Eligibility Criteria
This is a multicenter, observational study prospectively enrolling up to 1000 subjects with microscopic hematuria (three or more red blood cells per high powered field in one urinalysis; no visible blood in the urine) and gross hematuria (visible blood in the urine) from US sites. This study will be conducted on subjects with microscopic or gross hematuria referred to urology and scheduled for cystoscopy for the investigation of urothelial carcinoma.
You may qualify if:
- Subjects who are referred to urology and are either scheduled for a cystoscopy or have had a cystoscopic investigation within the last two months for the evaluation of hematuria meeting ONE of the following criteria:
- EITHER: (a) Microscopic hematuria, confirmed by urine microscopy of three or more RBC/HPF (or equivalent).

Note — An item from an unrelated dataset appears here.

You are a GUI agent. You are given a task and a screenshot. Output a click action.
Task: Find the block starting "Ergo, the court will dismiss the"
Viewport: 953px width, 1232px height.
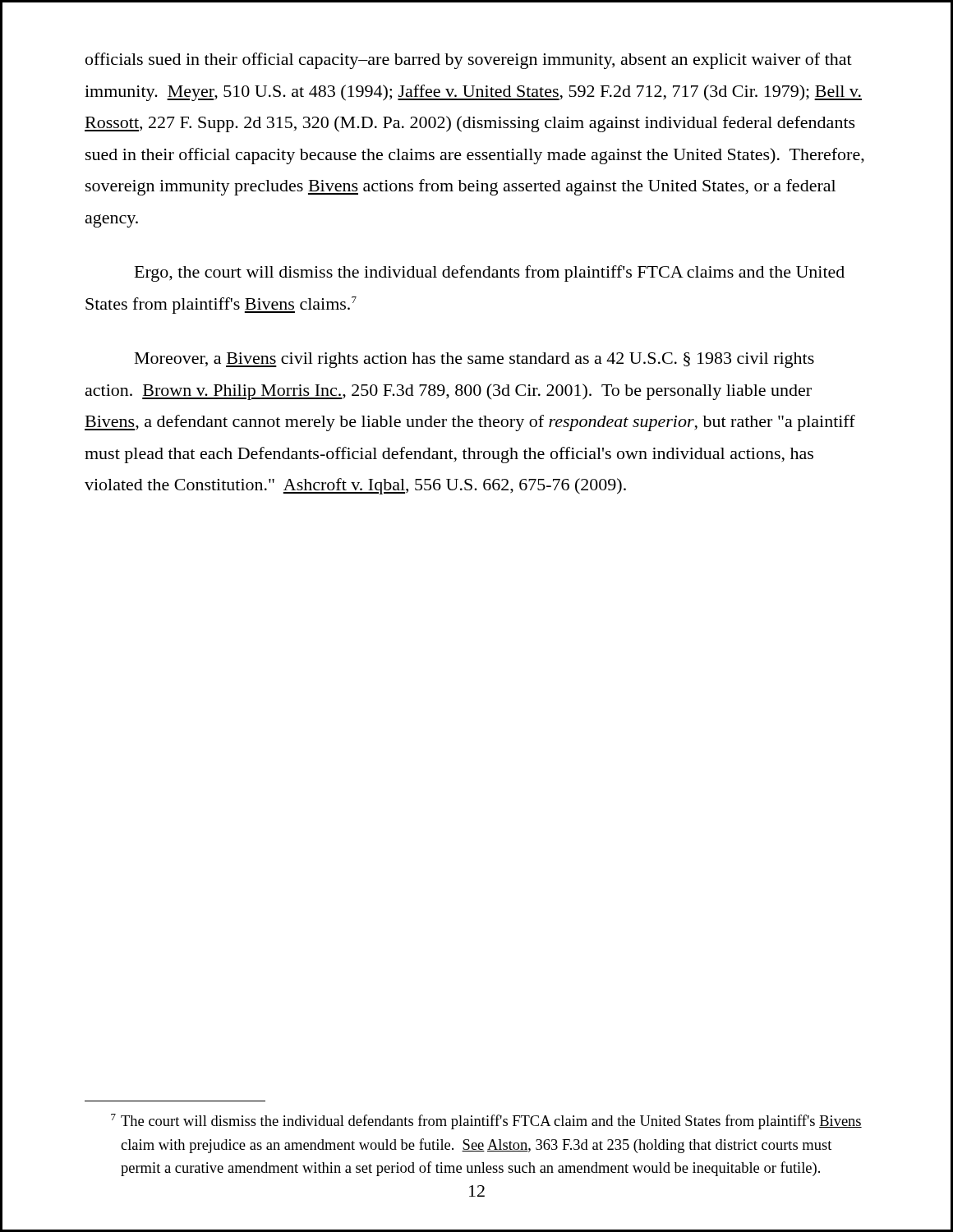click(465, 287)

OR: (b) Gross hematuria.
- Physically able to provide a voided urine sample from a bladder that has not been surgically altered.
- Able to give informed, written consent.
- Able and willing to comply with study requirements (complete at-home urine sampling, fill in test request forms (TRFs) / tube labels and ship urine back to the central laboratory using a prepaid courier service).
- Aged 18 years or older.
- Footnotes:
- For the microscopic hematuria patients, the recruitment priority at each respective site will be: i) Patients who have undergone initial diagnostic cystoscopy and have been scheduled for a later TURBT for suspicious lesion in the bladder. ii) Patients who are considered high risk by the AUA 2020 guidelines.
- For gross hematuria patients, the recruitment priority at each respective site will be: i) Patients who have undergone initial diagnostic cystoscopy and have been scheduled for a later TURBT for suspicious lesion in the bladder
You may not qualify if:
- Prior history of bladder malignancy.
- Reported Cxbladder results within the last six months.
- Prior history of upper tract urothelial carcinoma (UC) or prostatic urethral UC.
- Reconstructed or diverted bladder (e.g., bladder augmentation, ileal conduit, Indiana pouch).
- Subjects aged 89 years of age or older.
- Subjects with a history of pelvic radiation.
- Subjects currently receiving systemic chemotherapy or has had systemic chemotherapy within the last six weeks.
- Subjects with renal failure on dialysis.
- History of schistosomiasis.
- Subjects who have had intervention (TURBT, diathermia, etc.,) following a previous cystoscopy.
Contact the study team to confirm eligibility.
Sponsors & Collaborators
Study Sites (4)
Tri Valley Urology Medical Group
Murrieta, California, 92562, United States
AccuMed Research Associates
Garden City, New York, 11530, United States
Durham VA Health Care System
Durham, North Carolina, 27705, United States
The Urology Place
San Antonio, Texas, 78240, United States
Biospecimen
Urine
MeSH Terms
Conditions
Condition Hierarchy (Ancestors)
Study Officials
- STUDY CHAIR
Tony Lough, PhD
Pacific Edge (Australia) Pty Ltd
Central Study Contacts
Study Design
- Study Type
- observational
- Observational Model
- CASE ONLY
- Time Perspective
- PROSPECTIVE
- Sponsor Type
- INDUSTRY
- Responsible Party
- SPONSOR
Study Record Dates
First Submitted
May 22, 2023
First Posted
June 5, 2023
Study Start
November 2, 2023
Primary Completion (Estimated)
May 31, 2026
Study Completion (Estimated)
June 30, 2026
Last Updated
April 24, 2026
Record last verified: 2026-04
Data Sharing
- IPD Sharing
- Will not share
Data will be published in an anonymized report once the study is completed.